= The Apprentice (magazine) =

Canadian magazine about role-playing games

The Apprentice is a Canadian magazine about role-playing games that was edited and published by David Berman.

==Publication history==
Berman published The Apprentice in Ottawa from 1977 to 1980, before going on to study at university. Content included reviews of role-playing resources available to players in the early days of the hobby, interviews with industry personalities, pieces of fiction, adaptations of well-known literary works to role-playing systems, and role-playing adventures.

==Reviews==
In the January 1979 edition of Dragon (Issue #22), Gary Gygax was savage in his criticism of the second issue of The Apprentice. He lambasted the magazine for incorrectly attributing publication of Dragon to TSR Hobbies rather than TSR Periodicals, found the published role-playing adventure, which concerns a flock of magically enlarged pigeons, to be "for the birds", and excoriated Berman for interviewing one of Gygax's chief rivals, Ken St Andre, designer of Tunnels & Trolls. Gygax concluded that it was unlikely that Berman "will ever reach the status of journeyman, let alone master."
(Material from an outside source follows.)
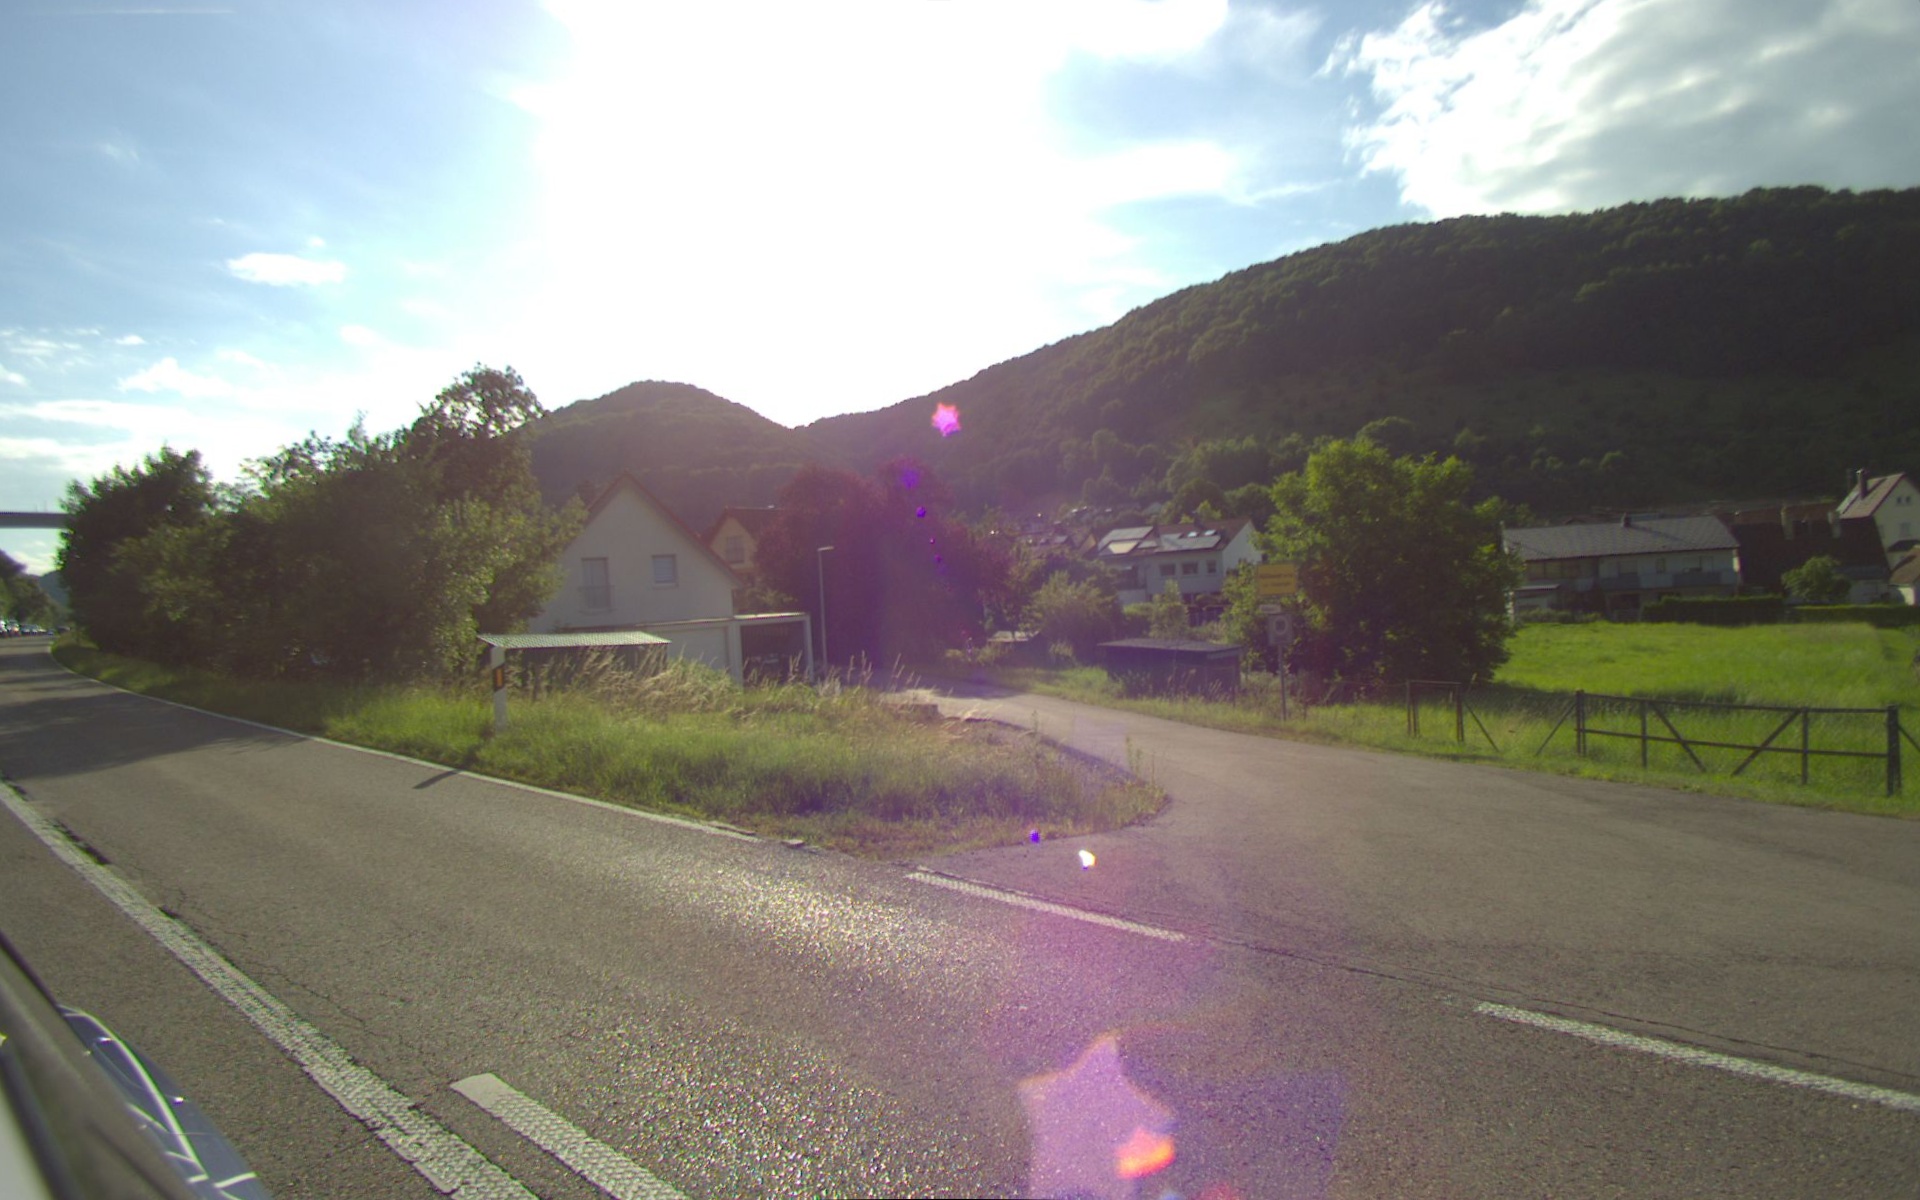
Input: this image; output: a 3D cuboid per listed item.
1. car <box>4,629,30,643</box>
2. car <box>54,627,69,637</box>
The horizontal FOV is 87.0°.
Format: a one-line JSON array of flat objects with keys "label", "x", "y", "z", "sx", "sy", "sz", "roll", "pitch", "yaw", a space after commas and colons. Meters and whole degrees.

A year later, in the January 1980 edition of Dragon, Gygax was considerably more complimentary about the fifth issue of The Apprentice, saying that it was "very good for an amateur magazine." Gygax complimented the magazine on various articles he found interesting. His only criticism this time was Berman's use of the acronym FRP (fantasy role-playing), which Gygax thought was "quite acceptable to hard-core game hobbyistst but they help to form a meaningless jargon to newcomers and the general public." He concluded that this magazine was "one of the better buys amongst amateur and semi-pro magazine offerings. If it continues to improve as rapidly as this, it will become a factor in the professional ranks in a year or so."